Fatigue Assessment of AZ31 Magnesium Alloy Weldments - Application of a Local Energy-Based Method

Abstract

Traditional stress-based fatigue criterions are highly dependent of geometry and loading mode and are often based on idealized geometries and loading conditions. These fatigue criteria are seldom applicable in general engineering assessments of structural components.

The scope of the thesis is therefore to apply the energy-based fatigue criterion of average local strain energy density (ASED) to welded joints of AZ31 magnesium alloy. A fatigue criterion which is both geometry and loading mode independent. The application of ASED as a new criterion was based on experimentally gathered fatigue data for three different weld geometries, namely: fully penetrated butt welded plate; non-penetrated butt welded plate; plate with a welded transverse stiffener. These three geometries were subjected to three different loading ratios of R=-1, R=0, and R=0.5.

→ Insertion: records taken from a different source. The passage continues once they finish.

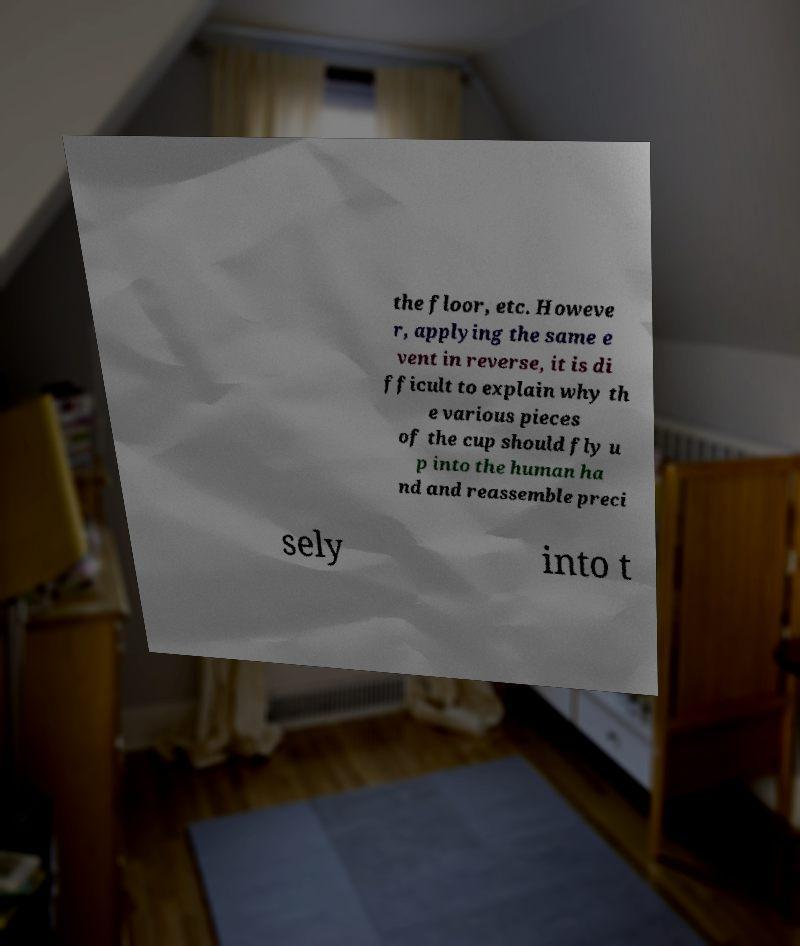There's text embedded in this image that I need extracted. Can you transcribe it verbatim? the floor, etc. Howeve r, applying the same e vent in reverse, it is di fficult to explain why th e various pieces of the cup should fly u p into the human ha nd and reassemble preci sely into t 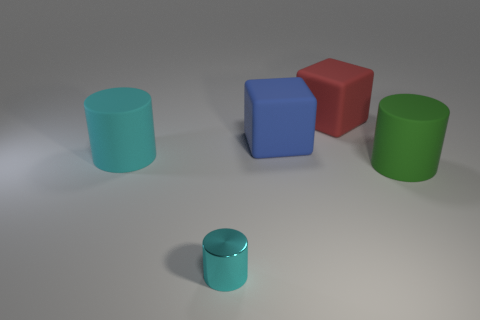Subtract all shiny cylinders. How many cylinders are left? 2 Subtract all green cylinders. How many cylinders are left? 2 Add 3 big cyan matte objects. How many objects exist? 8 Subtract all red blocks. How many cyan cylinders are left? 2 Add 2 small metal objects. How many small metal objects exist? 3 Subtract 0 brown blocks. How many objects are left? 5 Subtract all cylinders. How many objects are left? 2 Subtract all green cylinders. Subtract all green spheres. How many cylinders are left? 2 Subtract all tiny cylinders. Subtract all green matte things. How many objects are left? 3 Add 3 large cyan rubber cylinders. How many large cyan rubber cylinders are left? 4 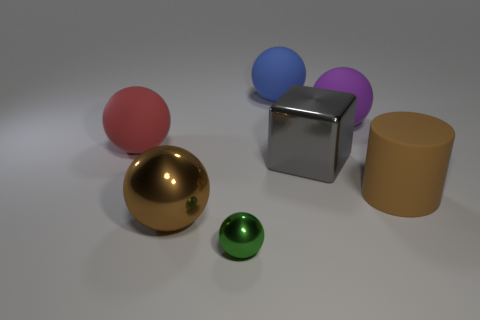Subtract all blue spheres. How many spheres are left? 4 Subtract all brown balls. How many balls are left? 4 Subtract all cyan balls. Subtract all green cylinders. How many balls are left? 5 Add 2 green balls. How many objects exist? 9 Subtract all balls. How many objects are left? 2 Subtract 1 blue spheres. How many objects are left? 6 Subtract all red objects. Subtract all large red matte objects. How many objects are left? 5 Add 2 big blue matte objects. How many big blue matte objects are left? 3 Add 5 large blue balls. How many large blue balls exist? 6 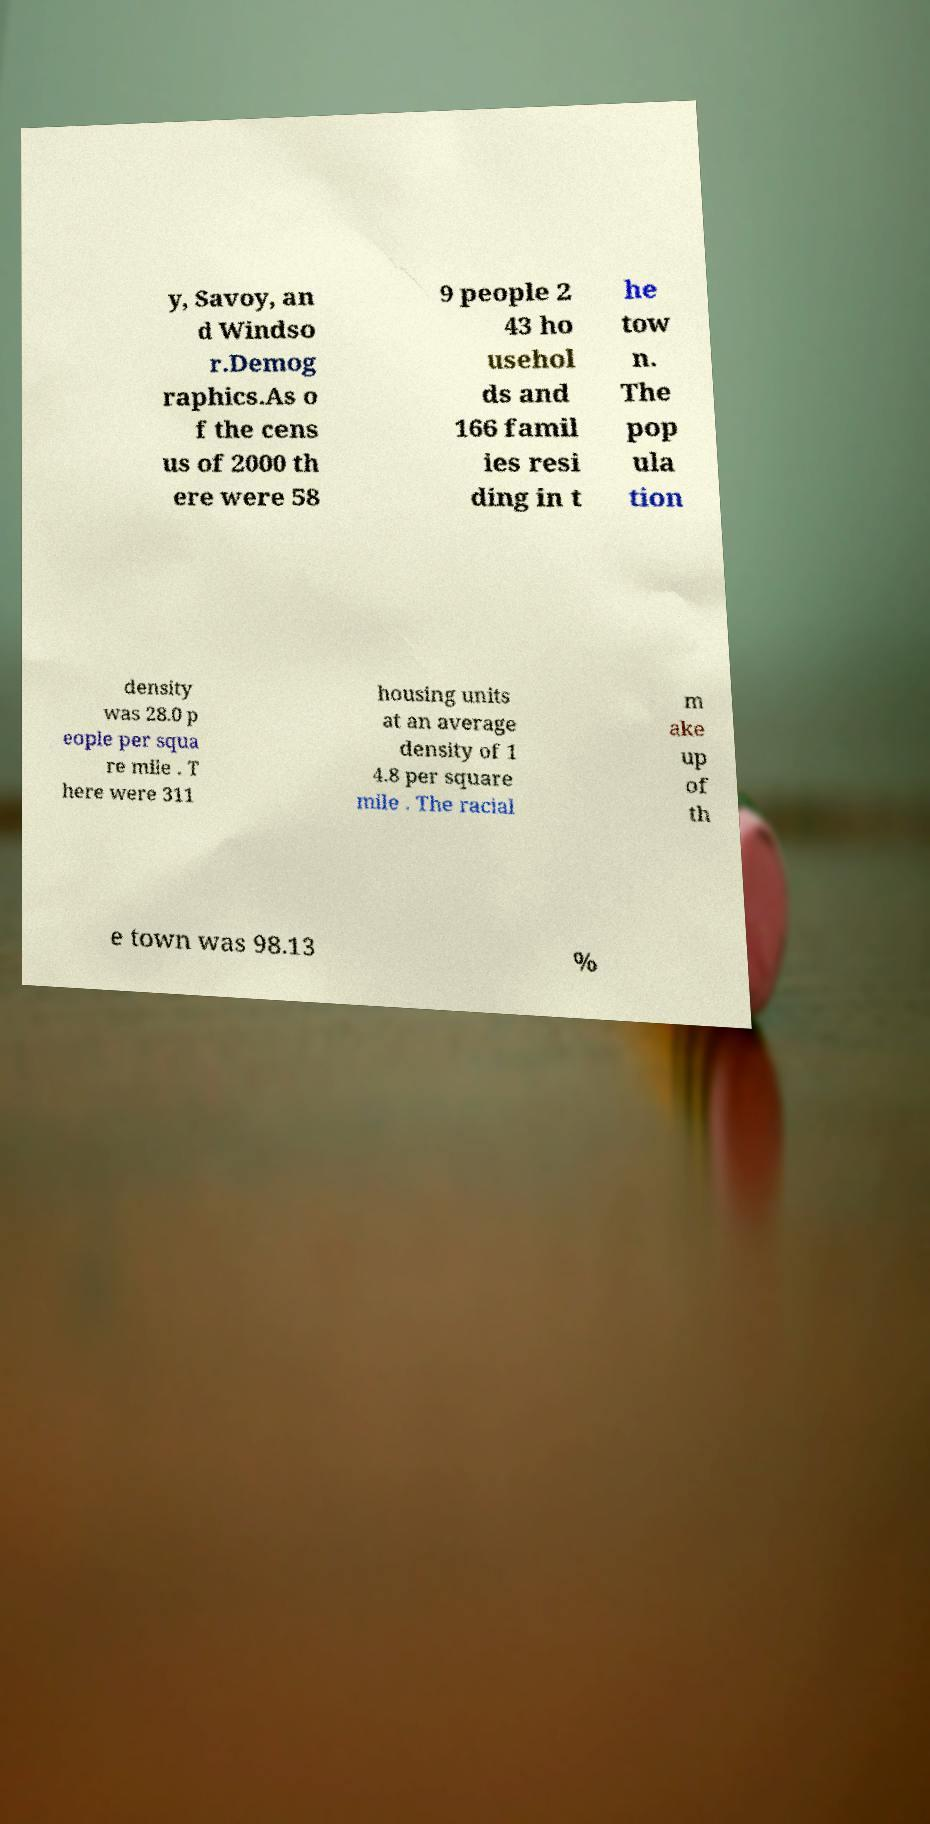Could you assist in decoding the text presented in this image and type it out clearly? y, Savoy, an d Windso r.Demog raphics.As o f the cens us of 2000 th ere were 58 9 people 2 43 ho usehol ds and 166 famil ies resi ding in t he tow n. The pop ula tion density was 28.0 p eople per squa re mile . T here were 311 housing units at an average density of 1 4.8 per square mile . The racial m ake up of th e town was 98.13 % 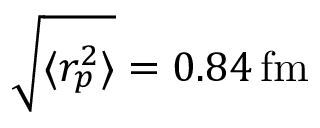Convert formula to latex. <formula><loc_0><loc_0><loc_500><loc_500>\sqrt { \langle r _ { p } ^ { 2 } \rangle } = 0 . 8 4 \, f m</formula> 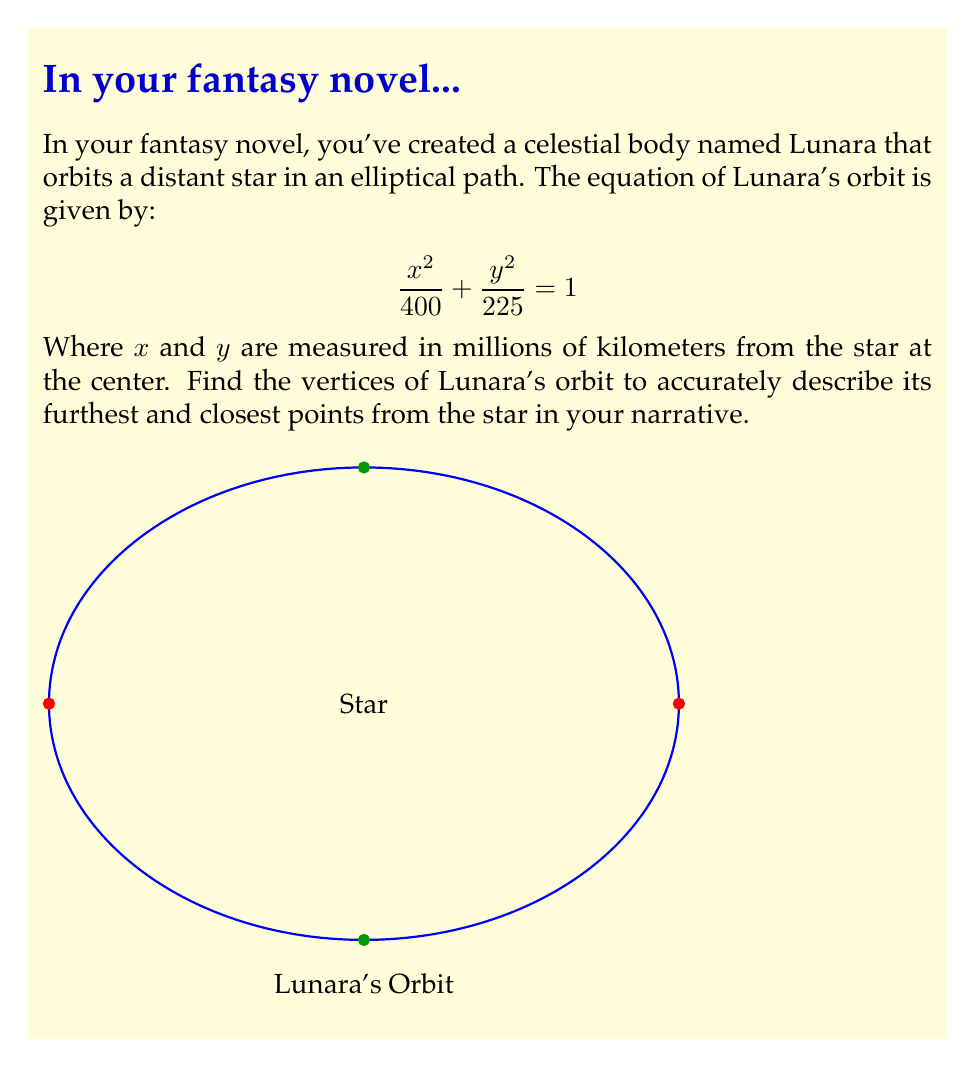Help me with this question. To find the vertices of Lunara's elliptical orbit, we need to follow these steps:

1) The general equation of an ellipse is:

   $$\frac{x^2}{a^2} + \frac{y^2}{b^2} = 1$$

   Where $a$ is the length of the semi-major axis and $b$ is the length of the semi-minor axis.

2) Comparing our given equation to the general form:

   $$\frac{x^2}{400} + \frac{y^2}{225} = 1$$

   We can see that $a^2 = 400$ and $b^2 = 225$

3) Taking the square root of both sides:

   $a = \sqrt{400} = 20$ million km
   $b = \sqrt{225} = 15$ million km

4) For an ellipse centered at the origin, the vertices are located at $(±a, 0)$ and $(0, ±b)$

5) Therefore, the vertices of Lunara's orbit are:
   - $(\pm20, 0)$ million km (on the x-axis)
   - $(0, \pm15)$ million km (on the y-axis)

These points represent the furthest (apoapsis) and closest (periapsis) points of Lunara's orbit from the star.
Answer: $(\pm20, 0)$ and $(0, \pm15)$ million km 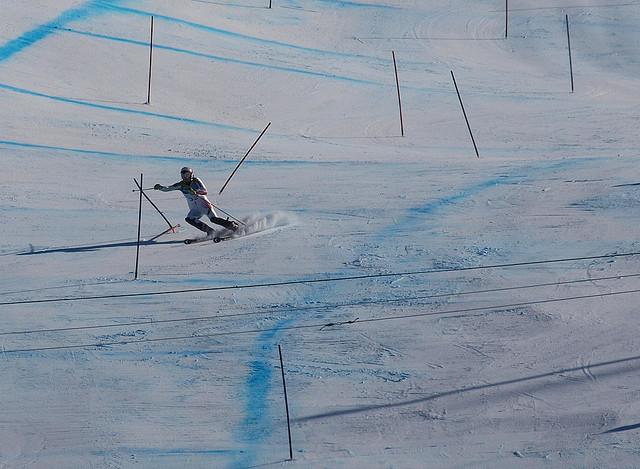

Application of ASED criterion was performed with the aid of a numerical investigation using the Computer Aided Engineering (CAE) software Abaqus 6-14. Finite element models were constructed to best represent the actual occurring constraints, which were applied to the experimental specimens during testing. The models were then subjected to the stress range (∆σ) used experimentally.

The control radius (Rc) which defines the in-closed volume used in the fatigue evaluation, was found with the aid of a "best-fit" approach. Fatigue data from the three geometries under R=0 loading were tested with incrementally changing Rc. The Rc that yielded the best regression fit was select to be the appropriate one, resulting in the selection of Rc = 0.15 mm.

In addition to the numerical investigation, an analytical evaluation of ASED was preformed to compare the results with the FEM results. Through this evaluation it was found that the discrepancy between calculating ASED from the stress intensity factor (SIF, which is found through fine mesh FEM) and the extracted ASED was at 11.8%. It is important to mention that SIF was extracted by using ∼1500 elements, and ASED with 40, which gives a ratio of 1:37.5.